[Stored items]
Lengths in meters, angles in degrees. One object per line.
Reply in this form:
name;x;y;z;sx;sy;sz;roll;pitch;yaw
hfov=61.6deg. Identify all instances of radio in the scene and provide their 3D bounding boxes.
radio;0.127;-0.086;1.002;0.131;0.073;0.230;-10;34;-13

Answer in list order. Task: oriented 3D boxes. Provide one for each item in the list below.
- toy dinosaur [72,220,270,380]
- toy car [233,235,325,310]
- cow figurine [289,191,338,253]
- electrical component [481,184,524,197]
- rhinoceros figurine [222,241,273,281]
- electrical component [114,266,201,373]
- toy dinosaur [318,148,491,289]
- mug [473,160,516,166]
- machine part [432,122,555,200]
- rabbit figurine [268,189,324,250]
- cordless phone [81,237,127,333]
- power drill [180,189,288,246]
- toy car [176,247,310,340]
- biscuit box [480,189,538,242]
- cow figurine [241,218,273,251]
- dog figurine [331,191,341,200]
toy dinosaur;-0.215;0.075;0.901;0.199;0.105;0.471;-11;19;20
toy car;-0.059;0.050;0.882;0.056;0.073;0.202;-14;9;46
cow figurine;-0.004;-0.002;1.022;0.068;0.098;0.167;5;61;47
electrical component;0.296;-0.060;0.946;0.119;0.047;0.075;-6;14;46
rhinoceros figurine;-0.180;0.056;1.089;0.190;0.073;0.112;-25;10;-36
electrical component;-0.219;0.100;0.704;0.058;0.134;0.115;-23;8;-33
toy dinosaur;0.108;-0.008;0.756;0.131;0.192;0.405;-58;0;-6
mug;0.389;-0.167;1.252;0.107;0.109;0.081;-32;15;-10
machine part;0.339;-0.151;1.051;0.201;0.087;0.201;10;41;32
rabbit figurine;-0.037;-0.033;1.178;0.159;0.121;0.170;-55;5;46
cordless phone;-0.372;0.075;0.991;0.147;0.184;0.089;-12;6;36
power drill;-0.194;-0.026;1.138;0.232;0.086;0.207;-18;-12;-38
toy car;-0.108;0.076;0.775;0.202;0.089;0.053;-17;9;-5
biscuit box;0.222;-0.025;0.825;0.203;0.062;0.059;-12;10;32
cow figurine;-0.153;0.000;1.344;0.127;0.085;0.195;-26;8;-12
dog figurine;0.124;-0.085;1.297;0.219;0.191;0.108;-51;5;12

(Problem to solve) Reproduce each entry above exactly, keeping every character.

(Your response)
Lengths in meters, angles in degrees. One object per line.
Reply in this form:
name;x;y;z;sx;sy;sz;roll;pitch;yaw
hfov=61.6deg. Identify all instances of radio in the scene and provide their 3D bounding boxes.
radio;0.127;-0.086;1.002;0.131;0.073;0.230;-10;34;-13

Answer in list order. Task: oriented 3D boxes. Provide one for each item in the list below.
- toy dinosaur [72,220,270,380]
- toy car [233,235,325,310]
- cow figurine [289,191,338,253]
- electrical component [481,184,524,197]
- rhinoceros figurine [222,241,273,281]
- electrical component [114,266,201,373]
- toy dinosaur [318,148,491,289]
- mug [473,160,516,166]
- machine part [432,122,555,200]
- rabbit figurine [268,189,324,250]
- cordless phone [81,237,127,333]
- power drill [180,189,288,246]
- toy car [176,247,310,340]
- biscuit box [480,189,538,242]
- cow figurine [241,218,273,251]
- dog figurine [331,191,341,200]
toy dinosaur;-0.215;0.075;0.901;0.199;0.105;0.471;-11;19;20
toy car;-0.059;0.050;0.882;0.056;0.073;0.202;-14;9;46
cow figurine;-0.004;-0.002;1.022;0.068;0.098;0.167;5;61;47
electrical component;0.296;-0.060;0.946;0.119;0.047;0.075;-6;14;46
rhinoceros figurine;-0.180;0.056;1.089;0.190;0.073;0.112;-25;10;-36
electrical component;-0.219;0.100;0.704;0.058;0.134;0.115;-23;8;-33
toy dinosaur;0.108;-0.008;0.756;0.131;0.192;0.405;-58;0;-6
mug;0.389;-0.167;1.252;0.107;0.109;0.081;-32;15;-10
machine part;0.339;-0.151;1.051;0.201;0.087;0.201;10;41;32
rabbit figurine;-0.037;-0.033;1.178;0.159;0.121;0.170;-55;5;46
cordless phone;-0.372;0.075;0.991;0.147;0.184;0.089;-12;6;36
power drill;-0.194;-0.026;1.138;0.232;0.086;0.207;-18;-12;-38
toy car;-0.108;0.076;0.775;0.202;0.089;0.053;-17;9;-5
biscuit box;0.222;-0.025;0.825;0.203;0.062;0.059;-12;10;32
cow figurine;-0.153;0.000;1.344;0.127;0.085;0.195;-26;8;-12
dog figurine;0.124;-0.085;1.297;0.219;0.191;0.108;-51;5;12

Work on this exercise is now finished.